Expected behavior Expect program to run smoothly without any TimeoutError

Screenshots Program output from Binder terminal:

qsharp-binder

System information OS from Binder linked in README.

Additional context TimeoutError does not seem to occur when connecting to azure from Q# kernel, only from python.

xinyi-joffre commented 1 year ago

I repro'd in MyBinder, but I couldn't repro in local container when I pulled down the exact image and ran it locally. There seems to be something in MyBinder environment that is blocking Azure.Identity from finishing for nearly 5 mins.

If you are using Azure CLI for the initial login on the terminal: az login az account set -s ""

Then I think bypassing all other auth methods that Azure.Identity package searches for and just setting CLI seemed to help it not get stuck for 5 mins:

import qsharp.azure targets = qsharp.azure.connect( resourceId="", location="", credential="CLI")

@ryanhill1 , can you see if setting credential="CLI" helps in your case? If it helps you as well, I can open a ticket with Azure.Identity to see if they can help get to bottom of it.

As for why it appeared that TimeoutErrors were transient, it is that the Timeout errors were thrown by python interop's timeouts of 120 seconds and 240 seconds respectively, but the original auth call was still ongoing in the kernel (so underlying IQ# kernel was busy). Once auth finishes behind the scenes, then qsharp.azure.target went through on second retry.

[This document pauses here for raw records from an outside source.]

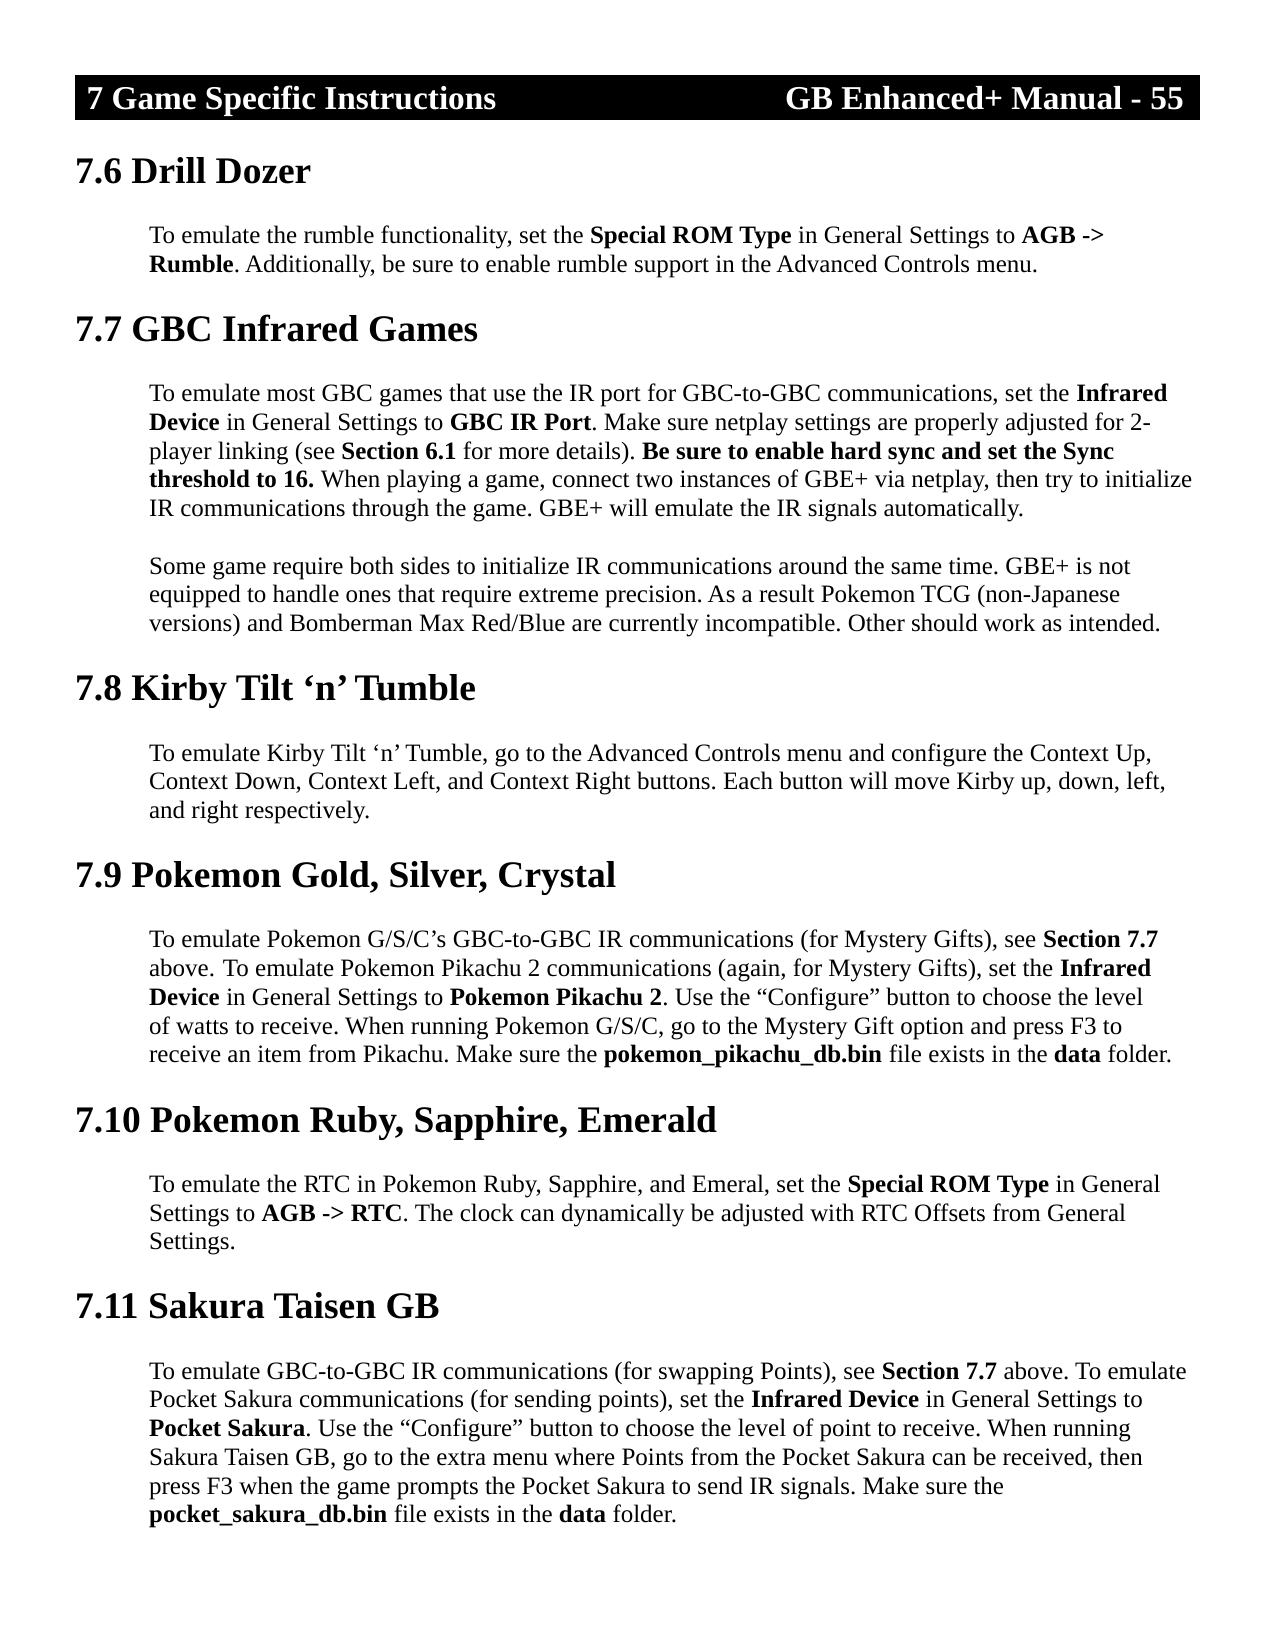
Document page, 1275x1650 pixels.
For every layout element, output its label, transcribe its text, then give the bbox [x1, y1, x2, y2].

text Some game require both sides to initialize IR communications around the same time. GBE+ is not equipped to handle ones that require extreme precision. As a result Pokemon TCG (non-Japanese versions) and Bomberman Max Red/Blue are currently incompatible. Other should work as intended. [75, 551, 1200, 637]
text To emulate the rumble functionality, set the Special ROM Type in General Settings to AGB -> Rumble. Additionally, be sure to enable rumble support in the Advanced Controls menu. [75, 220, 1200, 278]
text 7.8 Kirby Tilt ‘n’ Tumble [75, 666, 1200, 709]
text To emulate Kirby Tilt ‘n’ Tumble, go to the Advanced Controls menu and configure the Context Up, Context Down, Context Left, and Context Right buttons. Each button will move Kirby up, down, left, and right respectively. [75, 738, 1200, 824]
text To emulate most GBC games that use the IR port for GBC-to-GBC communications, set the Infrared Device in General Settings to GBC IR Port. Make sure netplay settings are properly adjusted for 2- player linking (see Section 6.1 for more details). Be sure to enable hard sync and set the Sync threshold to 16. When playing a game, connect two instances of GBE+ via netplay, then try to initialize IR communications through the game. GBE+ will emulate the IR signals automatically. [75, 378, 1200, 522]
text 7.6 Drill Dozer [75, 148, 1200, 191]
text 7 Game Specific Instructions GB Enhanced+ Manual - 55 [75, 75, 1200, 119]
text 7.11 Sakura Taisen GB [75, 1284, 1200, 1327]
text To emulate the RTC in Pokemon Ruby, Sapphire, and Emeral, set the Special ROM Type in General Settings to AGB -> RTC. The clock can dynamically be adjusted with RTC Offsets from General Settings. [75, 1169, 1200, 1255]
text 7.7 GBC Infrared Games [75, 306, 1200, 349]
text To emulate GBC-to-GBC IR communications (for swapping Points), see Section 7.7 above. To emulate Pocket Sakura communications (for sending points), set the Infrared Device in General Settings to Pocket Sakura. Use the “Configure” button to choose the level of point to receive. When running Sakura Taisen GB, go to the extra menu where Points from the Pocket Sakura can be received, then press F3 when the game prompts the Pocket Sakura to send IR signals. Make sure the pocket_sakura_db.bin file exists in the data folder. [75, 1356, 1200, 1528]
text To emulate Pokemon G/S/C’s GBC-to-GBC IR communications (for Mystery Gifts), see Section 7.7 above. To emulate Pokemon Pikachu 2 communications (again, for Mystery Gifts), set the Infrared Device in General Settings to Pokemon Pikachu 2. Use the “Configure” button to choose the level of watts to receive. When running Pokemon G/S/C, go to the Mystery Gift option and press F3 to receive an item from Pikachu. Make sure the pokemon_pikachu_db.bin file exists in the data folder. [75, 924, 1200, 1068]
text 7.10 Pokemon Ruby, Sapphire, Emerald [75, 1097, 1200, 1140]
text 7.9 Pokemon Gold, Silver, Crystal [75, 853, 1200, 896]
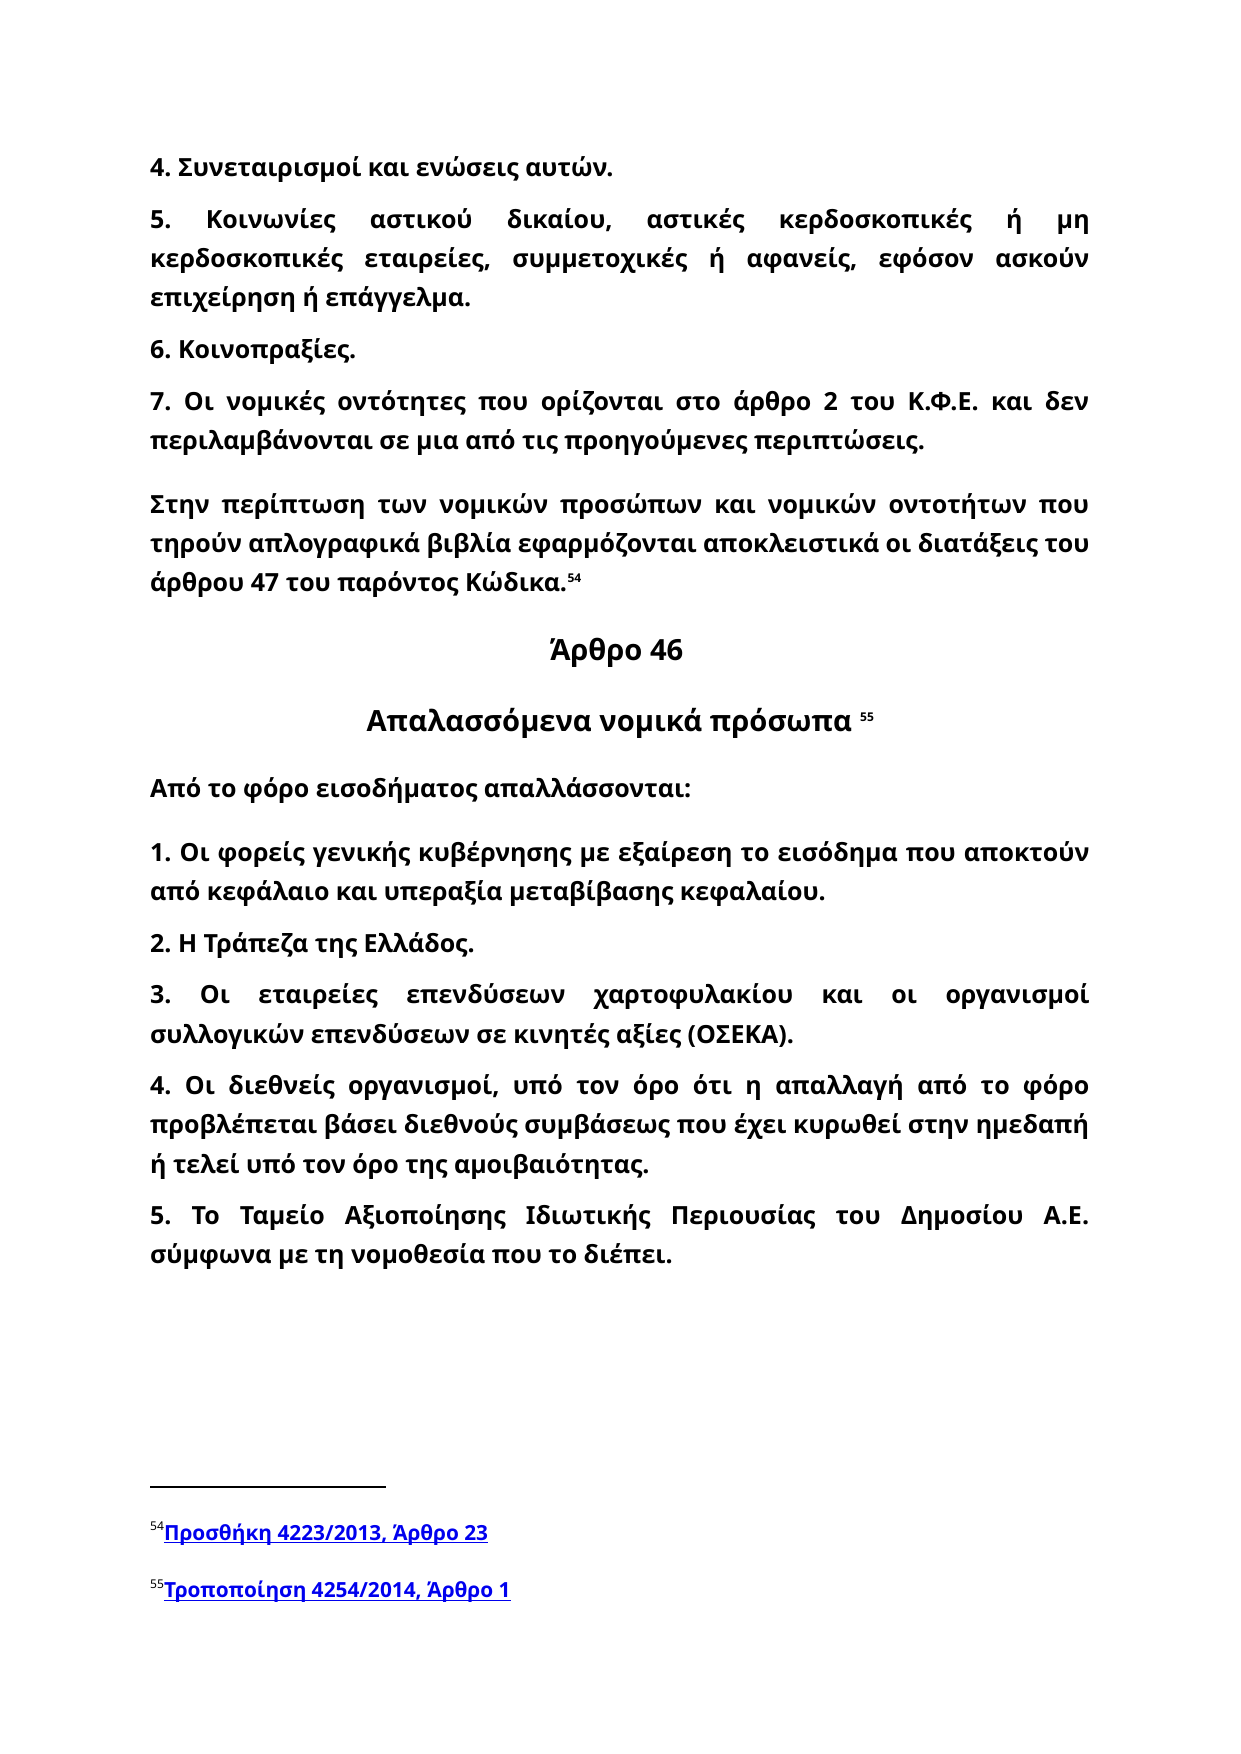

rryoung98 commented 1 year ago

I can confirm that this works in less than 5 seconds on qBraid. Thank you for the workaround. @xinyi-joffre

xinyi-joffre commented 1 year ago

We discovered the issue has to do with ManagedIdentity credential time waiting for a long timeout if the ManagedIdentity endpoint doesn't exist in certain environments. This bug is tracked here for Azure.Identity: Azure/azure-sdk-for-net#24767 Azure/azure-sdk-for-net#29471

Outside of workaround above, you can also pass the same credential type argument for %azure.connect commands (which probably weren't timing out for you, but would have probably also taken a long time due to this issue: %azure.connect "<resourceId>" location="" credential="CLI"

We are working on applying a fix for this in QDK, so no special credential type needs to be passed in the next version of QDK (either this month's release or next month's release)! We will close this issue once it is released.

Thanks for raising this issue!

ryanhill1 commented 1 year ago

@xinyi-joffre Thanks for your help and for your quick response!